The baby that was born appeared to be robotic, but it was merely a metallic shell. Once peeled off, it revealed a long-haired young daughter, a clone of the Harris' daughter that had recently died of leukemia on June 1, 1976. The child spoke with the voice of Proteus: "I'm alive." The film concluded with the camera zooming into the deep black eye of the child.



Susan
(Julie Christie)


Proteus


The Birth

Equus (1977, UK/US)

Peter Shaffer's play rocked the London and Broadway stages in the 1973-1974 seasons. The play's content then further inflamed critics when Shaffer created a film screenplay for Sidney Lumet's explicit film version. Its tagline hinted at the film's plot:

A moment of love becomes a crime of passion.

It opened with a voice-over, asking: "What desire could this be?" as 17 year-old working class English stable boy Alan Strang (Peter Firth in a very nude role), naked, was seen nuzzling against a horse. The narrator was troubled, distraught, and soul-searching psychiatrist Martin Dysart (Richard Burton), who was treating the boy in an extreme case of brutality. In a rage, he had inexplicably and horrifically blinded six horses with a metal steel spike at his place of work on weekends: Harry Dalton's (Harry Andrews) stables. Then began a flashback, to properly and in order tell the story - set in Hampshire, England.

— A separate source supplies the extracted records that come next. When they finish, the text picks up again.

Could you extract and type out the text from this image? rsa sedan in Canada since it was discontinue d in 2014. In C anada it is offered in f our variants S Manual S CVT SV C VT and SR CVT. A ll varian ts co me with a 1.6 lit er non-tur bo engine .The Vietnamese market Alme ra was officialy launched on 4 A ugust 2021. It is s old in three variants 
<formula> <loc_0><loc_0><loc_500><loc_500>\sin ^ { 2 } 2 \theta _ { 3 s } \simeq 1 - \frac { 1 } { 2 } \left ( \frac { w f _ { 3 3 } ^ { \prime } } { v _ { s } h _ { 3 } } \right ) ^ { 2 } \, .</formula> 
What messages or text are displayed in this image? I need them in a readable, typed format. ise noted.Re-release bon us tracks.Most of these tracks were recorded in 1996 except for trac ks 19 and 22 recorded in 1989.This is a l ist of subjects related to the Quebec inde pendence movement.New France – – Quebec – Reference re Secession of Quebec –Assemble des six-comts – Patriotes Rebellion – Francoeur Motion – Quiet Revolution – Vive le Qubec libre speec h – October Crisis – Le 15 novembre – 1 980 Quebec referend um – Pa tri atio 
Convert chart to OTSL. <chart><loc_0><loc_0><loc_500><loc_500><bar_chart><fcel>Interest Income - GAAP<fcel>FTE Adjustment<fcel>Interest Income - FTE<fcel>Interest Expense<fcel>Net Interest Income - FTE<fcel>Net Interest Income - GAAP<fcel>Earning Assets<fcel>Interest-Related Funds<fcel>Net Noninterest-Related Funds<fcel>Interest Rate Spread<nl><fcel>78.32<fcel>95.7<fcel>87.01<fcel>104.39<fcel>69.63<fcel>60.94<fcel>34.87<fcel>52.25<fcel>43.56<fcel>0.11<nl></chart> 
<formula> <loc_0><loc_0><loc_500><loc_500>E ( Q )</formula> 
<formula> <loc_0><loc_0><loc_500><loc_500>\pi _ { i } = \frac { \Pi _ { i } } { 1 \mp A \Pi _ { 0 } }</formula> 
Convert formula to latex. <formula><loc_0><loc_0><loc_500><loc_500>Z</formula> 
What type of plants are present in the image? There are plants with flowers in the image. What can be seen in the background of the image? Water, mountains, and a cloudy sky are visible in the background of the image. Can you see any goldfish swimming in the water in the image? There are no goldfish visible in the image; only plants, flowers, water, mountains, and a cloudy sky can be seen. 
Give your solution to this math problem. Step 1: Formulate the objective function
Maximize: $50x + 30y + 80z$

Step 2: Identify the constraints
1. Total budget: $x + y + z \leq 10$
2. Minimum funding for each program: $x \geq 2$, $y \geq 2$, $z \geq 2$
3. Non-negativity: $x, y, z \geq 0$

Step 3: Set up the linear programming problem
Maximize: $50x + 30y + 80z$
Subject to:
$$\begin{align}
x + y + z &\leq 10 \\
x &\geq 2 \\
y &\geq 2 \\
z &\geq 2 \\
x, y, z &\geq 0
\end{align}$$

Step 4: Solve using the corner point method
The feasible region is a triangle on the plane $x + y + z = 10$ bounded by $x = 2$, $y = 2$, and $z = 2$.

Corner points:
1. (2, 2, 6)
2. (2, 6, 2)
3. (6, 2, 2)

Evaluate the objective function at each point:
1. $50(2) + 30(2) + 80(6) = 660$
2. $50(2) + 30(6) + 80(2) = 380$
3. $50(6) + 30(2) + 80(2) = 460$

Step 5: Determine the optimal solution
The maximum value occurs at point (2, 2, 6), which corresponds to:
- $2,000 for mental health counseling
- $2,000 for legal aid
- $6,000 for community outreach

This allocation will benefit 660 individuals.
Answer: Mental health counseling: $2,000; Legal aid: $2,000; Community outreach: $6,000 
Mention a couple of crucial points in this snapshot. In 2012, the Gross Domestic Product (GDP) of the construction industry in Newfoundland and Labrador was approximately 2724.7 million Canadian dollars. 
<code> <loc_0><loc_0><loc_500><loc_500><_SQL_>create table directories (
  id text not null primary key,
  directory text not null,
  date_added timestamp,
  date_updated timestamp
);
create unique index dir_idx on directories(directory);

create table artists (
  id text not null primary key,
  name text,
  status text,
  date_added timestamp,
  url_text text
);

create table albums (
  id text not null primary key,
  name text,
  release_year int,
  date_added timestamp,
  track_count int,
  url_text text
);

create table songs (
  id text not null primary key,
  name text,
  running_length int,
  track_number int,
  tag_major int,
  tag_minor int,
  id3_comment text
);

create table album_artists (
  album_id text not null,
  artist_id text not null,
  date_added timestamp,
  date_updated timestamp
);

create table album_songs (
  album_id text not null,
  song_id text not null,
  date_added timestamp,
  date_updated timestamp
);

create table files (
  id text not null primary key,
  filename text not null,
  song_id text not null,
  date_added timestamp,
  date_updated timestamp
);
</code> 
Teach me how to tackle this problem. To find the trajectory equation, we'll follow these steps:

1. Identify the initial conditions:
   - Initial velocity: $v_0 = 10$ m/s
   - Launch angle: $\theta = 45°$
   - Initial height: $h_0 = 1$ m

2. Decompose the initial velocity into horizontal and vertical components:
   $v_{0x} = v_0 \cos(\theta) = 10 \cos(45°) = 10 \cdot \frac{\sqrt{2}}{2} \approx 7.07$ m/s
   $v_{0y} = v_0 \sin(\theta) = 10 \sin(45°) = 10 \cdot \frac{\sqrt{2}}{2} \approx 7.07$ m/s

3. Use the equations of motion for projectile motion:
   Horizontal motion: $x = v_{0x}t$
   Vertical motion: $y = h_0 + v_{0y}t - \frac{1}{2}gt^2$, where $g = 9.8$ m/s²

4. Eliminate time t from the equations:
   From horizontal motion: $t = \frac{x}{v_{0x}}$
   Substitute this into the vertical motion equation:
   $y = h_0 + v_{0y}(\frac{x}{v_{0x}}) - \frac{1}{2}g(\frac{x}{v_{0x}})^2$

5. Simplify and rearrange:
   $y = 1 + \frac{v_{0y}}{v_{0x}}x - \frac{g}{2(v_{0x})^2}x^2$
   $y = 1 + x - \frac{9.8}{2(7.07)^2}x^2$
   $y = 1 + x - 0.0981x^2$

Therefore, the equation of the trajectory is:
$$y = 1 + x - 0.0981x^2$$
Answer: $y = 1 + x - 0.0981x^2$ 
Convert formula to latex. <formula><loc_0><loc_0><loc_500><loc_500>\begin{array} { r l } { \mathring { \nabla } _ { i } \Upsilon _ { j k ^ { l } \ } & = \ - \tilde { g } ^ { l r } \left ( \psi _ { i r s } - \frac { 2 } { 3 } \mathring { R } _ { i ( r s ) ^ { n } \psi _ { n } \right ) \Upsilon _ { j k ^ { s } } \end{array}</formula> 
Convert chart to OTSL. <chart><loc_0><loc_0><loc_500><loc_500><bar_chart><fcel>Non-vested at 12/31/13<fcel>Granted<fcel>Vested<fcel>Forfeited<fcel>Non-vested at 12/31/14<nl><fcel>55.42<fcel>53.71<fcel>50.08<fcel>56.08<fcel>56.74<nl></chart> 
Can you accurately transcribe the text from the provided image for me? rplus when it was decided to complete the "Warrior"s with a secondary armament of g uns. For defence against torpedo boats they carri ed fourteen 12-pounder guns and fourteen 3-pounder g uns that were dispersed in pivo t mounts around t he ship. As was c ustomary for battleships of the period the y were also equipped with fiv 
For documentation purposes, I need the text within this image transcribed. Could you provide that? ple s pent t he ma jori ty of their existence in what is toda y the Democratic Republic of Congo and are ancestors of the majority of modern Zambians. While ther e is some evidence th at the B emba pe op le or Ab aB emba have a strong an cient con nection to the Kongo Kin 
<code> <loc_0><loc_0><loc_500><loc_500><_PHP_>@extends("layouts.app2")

Slowly, the source of the severely-troubled boy's obsession with horses and outrageous behavior was determined by 45 minute daily sessions of therapy, self-tape recordings, hypnosis, acting-out, a placebo truth pill, Freudian couch discussions and the release of repressed emotions. His problems stemmed mostly from his over-protective parents, who had raised their son based on their rigid values:

  • puritanical, highly-religious, overbearing mother Dora (Joan Plowright), who was forced to resort to teaching her son about sex ("the biological facts") although she thought sex was more spiritual
  • stern, cold, authoritarian, sexually-frustrated father Frank (Colin Blakely), a printer

Alan had been introduced to Mr. Dalton to work at the stable by Jill Mason (Jenny Agutter), a frequent rider and the daughter of a nearby antique shop owner. Although Alan claimed he never rode the horses that he meticulously groomed and cleaned beyond the call of duty, the distraught and upset stable manager Dalton suspected that Alan would sneak out at night and ride the horses. Under hypnosis, Alan revealed that he rode bareback in the nude until he was aroused ("stiff in the wind") and in an ecstasy, climaxed atop his beloved horse: ("I want to be inside you, and be you. Forever one person. I love you. Bear me away. Make us now one person"). Afterwards, he spent hours cuddling, kissing, and embracing the horse.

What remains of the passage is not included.